[PATCH v5 04/45] percpu_rwlock: Implement the core design of Per-CPU Reader-Writer Locks

[Namhyung Kim]

On Thu, 24 Jan 2013 10:00:04 +0530, Srivatsa S. Bhat wrote:
> On 01/24/2013 01:27 AM, Tejun Heo wrote:
>> On Thu, Jan 24, 2013 at 01:03:52AM +0530, Srivatsa S. Bhat wrote:
>>> CPU 0                          CPU 1
>>>
>>> read_lock(&rwlock)
>>>
>>>                               write_lock(&rwlock) //spins, because CPU 0
>>>                               //has acquired the lock for read
>>>
>>> read_lock(&rwlock)
>>>    ^^^^^
>>> What happens here?
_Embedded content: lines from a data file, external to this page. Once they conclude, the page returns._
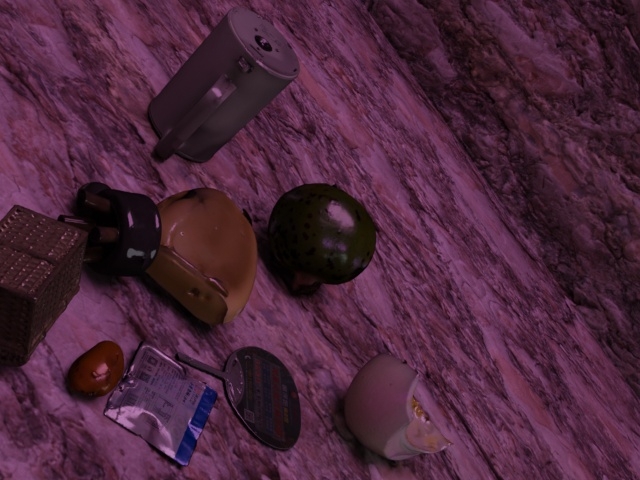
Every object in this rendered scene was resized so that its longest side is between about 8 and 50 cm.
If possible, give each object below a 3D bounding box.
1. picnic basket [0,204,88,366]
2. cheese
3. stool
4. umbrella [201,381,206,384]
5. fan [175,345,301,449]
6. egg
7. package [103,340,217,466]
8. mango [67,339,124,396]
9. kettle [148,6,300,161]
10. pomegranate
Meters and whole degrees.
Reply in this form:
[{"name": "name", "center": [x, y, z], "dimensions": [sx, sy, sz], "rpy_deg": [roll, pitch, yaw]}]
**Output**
[{"name": "picnic basket", "center": [-0.460, 0.072, 1.365], "dimensions": [0.134, 0.154, 0.196], "rpy_deg": [21, 33, -2]}, {"name": "cheese", "center": [-0.231, 0.005, 1.780], "dimensions": [0.259, 0.128, 0.316], "rpy_deg": [47, 33, -21]}, {"name": "stool", "center": [-0.392, -0.020, 1.605], "dimensions": [0.228, 0.153, 0.139], "rpy_deg": [18, 7, 42]}, {"name": "umbrella", "center": [-0.264, 0.257, 1.576], "dimensions": [0.149, 0.022, 0.022], "rpy_deg": [5, 89, -43]}, {"name": "fan", "center": [-0.132, 0.305, 1.714], "dimensions": [0.294, 0.012, 0.223], "rpy_deg": [4, 54, -53]}, {"name": "egg", "center": [0.137, 0.368, 1.874], "dimensions": [0.206, 0.162, 0.271], "rpy_deg": [34, -25, 42]}, {"name": "package", "center": [-0.267, 0.275, 1.522], "dimensions": [0.173, 0.027, 0.171], "rpy_deg": [40, 37, -15]}, {"name": "mango", "center": [-0.358, 0.205, 1.452], "dimensions": [0.077, 0.063, 0.127], "rpy_deg": [38, 29, -6]}, {"name": "kettle", "center": [-0.220, -0.325, 2.000], "dimensions": [0.205, 0.318, 0.265], "rpy_deg": [26, 38, -38]}, {"name": "pomegranate", "center": [0.000, 0.000, 2.041], "dimensions": [0.254, 0.254, 0.270], "rpy_deg": [21, 78, -42]}]
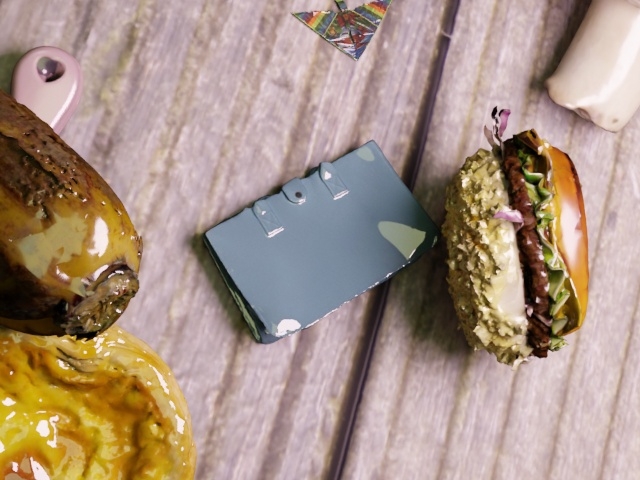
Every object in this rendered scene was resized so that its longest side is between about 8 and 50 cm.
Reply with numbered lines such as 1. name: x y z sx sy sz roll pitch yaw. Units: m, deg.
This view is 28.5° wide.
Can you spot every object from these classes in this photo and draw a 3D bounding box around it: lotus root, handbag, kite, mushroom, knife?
1. lotus root: -0.317 -0.045 1.096 0.397 0.196 0.179 35 66 22
2. handbag: 0.000 0.000 1.312 0.221 0.057 0.144 -31 85 -19
3. kite: 0.031 -0.240 1.383 0.122 0.004 0.090 -18 87 -21
4. mushroom: 0.358 -0.294 1.394 0.314 0.314 0.336 25 104 -13
5. knife: -0.325 -0.039 1.213 0.081 0.043 0.336 24 76 -4

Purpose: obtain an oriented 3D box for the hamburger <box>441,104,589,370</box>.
1. hamburger: 0.193 0.002 1.281 0.138 0.243 0.262 -5 76 4

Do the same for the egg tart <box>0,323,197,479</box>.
1. egg tart: -0.259 0.198 1.157 0.294 0.116 0.295 4 80 -21
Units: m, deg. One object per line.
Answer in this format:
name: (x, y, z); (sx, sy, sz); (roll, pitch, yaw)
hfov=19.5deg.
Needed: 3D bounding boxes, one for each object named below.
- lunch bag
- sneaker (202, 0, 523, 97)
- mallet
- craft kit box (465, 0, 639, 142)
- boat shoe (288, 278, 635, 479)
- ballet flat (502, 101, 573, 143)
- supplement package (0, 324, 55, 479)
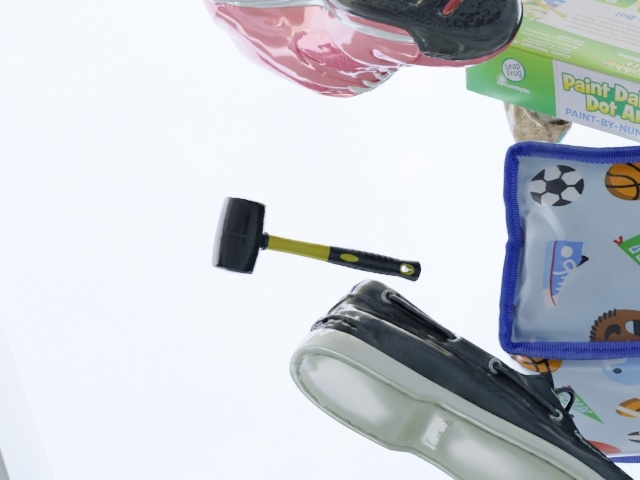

Does CPU 0 start spinning (and hence deadlock) or will
>>> it continue realizing that it already holds the rwlock for read?
>> 
>> I don't think rwlock allows nesting write lock inside read lock.
>> read_lock(); write_lock() will always deadlock.
>> 
>
> Sure, I understand that :-) My question was, what happens when *two* CPUs
> are involved, as in, the read_lock() is invoked only on CPU 0 whereas the
> write_lock() is invoked on CPU 1.
>
> For example, the same scenario shown above, but with slightly different
> timing, will NOT result in a deadlock:
>
> Scenario 2:
>   CPU 0                                CPU 1
>
> read_lock(&rwlock)
>
>
> read_lock(&rwlock) //doesn't spin
>
>                                     write_lock(&rwlock) //spins, because CPU 0
>                                     //has acquired the lock for read
>
>
> So I was wondering whether the "fairness" logic of rwlocks would cause
> the second read_lock() to spin (in the first scenario shown above) because
> a writer is already waiting (and hence new readers should spin) and thus
> cause a deadlock.

In my understanding, current x86 rwlock does basically this (of course,
in an atomic fashion):


#define RW_LOCK_BIAS 0x10000

rwlock_init(rwlock)
{
	rwlock->lock = RW_LOCK_BIAS;
}

arch_read_lock(rwlock)
{
retry:
	if (--rwlock->lock >= 0)
		return;

        rwlock->lock++;
        while (rwlock->lock < 1)
        	continue;

        goto retry;
}

arch_write_lock(rwlock)
{
retry:
	if ((rwlock->lock -= RW_LOCK_BIAS) == 0)
        	return;

        rwlock->lock += RW_LOCK_BIAS;
	while (rwlock->lock != RW_LOCK_BIAS)
		continue;

        goto retry;
}


So I can't find where the 'fairness' logic comes from..

Thanks,
Namhyung